Mastodawn

I'd like to store one billion variable-length binary objects & get them by SHA256(obj) key. The median object size is 2 kilobyte. Low read/write volumes.

What I've tried so far: NFS with the hash's first few octets as nested directory names, it works but it is a bit slow and I also tried ZeroFS (also too slow).

Under considerations: DuckDB, RocksDB, BerkeleyDB, SQLite3, lmdb, something bespoke

Recommendations? Things/papers I should be reading?

Show thread

Clemens Zauner Dec 6

@job If only ther was a key-value based storage system, like Berkeley DB and derived systems.

Show thread

Job Snijders Dec 6

@czauner I mention Berkeley DB in my post, yes?

Show thread

Clemens Zauner

@job
Yes, you did. Sorry. But one question: why sha256? You are aiming for speed, and not cryptographic security, if I understand you correctly.

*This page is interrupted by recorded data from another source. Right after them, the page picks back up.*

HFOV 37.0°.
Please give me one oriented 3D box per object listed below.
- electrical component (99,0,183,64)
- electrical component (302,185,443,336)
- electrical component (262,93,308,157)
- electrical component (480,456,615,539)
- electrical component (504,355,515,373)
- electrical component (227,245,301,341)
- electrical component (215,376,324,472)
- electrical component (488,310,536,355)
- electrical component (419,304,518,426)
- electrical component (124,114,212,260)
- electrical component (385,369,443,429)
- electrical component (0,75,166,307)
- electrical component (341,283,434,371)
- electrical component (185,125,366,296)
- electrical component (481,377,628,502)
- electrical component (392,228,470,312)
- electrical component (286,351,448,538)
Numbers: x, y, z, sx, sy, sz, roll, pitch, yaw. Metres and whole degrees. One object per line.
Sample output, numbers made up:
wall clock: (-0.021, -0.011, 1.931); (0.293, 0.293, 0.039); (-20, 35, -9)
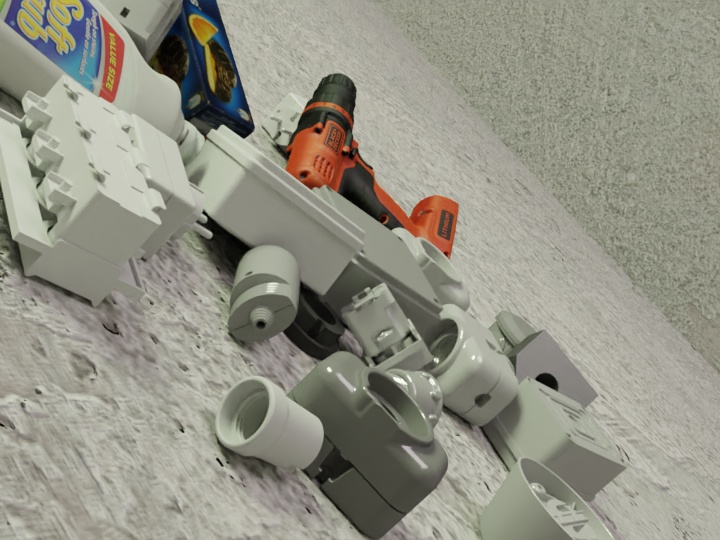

Why not go the computationaly cheaper route of sha1 or even md5? Or CRC64 (you need a collision handler then, for sure)
That also leads to shorter filenames.

Show thread

Job Snijders Dec 7

@czauner everything in this particular ecosystem is addressed by SHA256() so I figured that the computational effort is offset by ease of constructing lookup keys

Show thread

Clemens Zauner Dec 7

@job
Well, I just assume you will be running here into some latency-Problems; You will need to shave off any microsecond. NFS does not help either - even a 1ms RTT limits you rather brutally to 1k Ops/sec. You can go and try to parallelize the fuck out of your implementation.
If your NFS-Server has an ext - FS underlying, you need to enable dir_hashes there (ext - FS are painfully slow, when there are a ton of files in given directory). Or you go the XFS-Route (but I'm no expert in Linux-Filesystems, that is).

Or, From am ZFS-Perspective (which is also available for Linux):
tune the hell out of the medatada-cache, including a decent L2-ARC on an NVME. You might also consider playing with the recordsize - but given that you are primarily into read-performance, that might not be an issue; Ah yes, and generally turn atime off.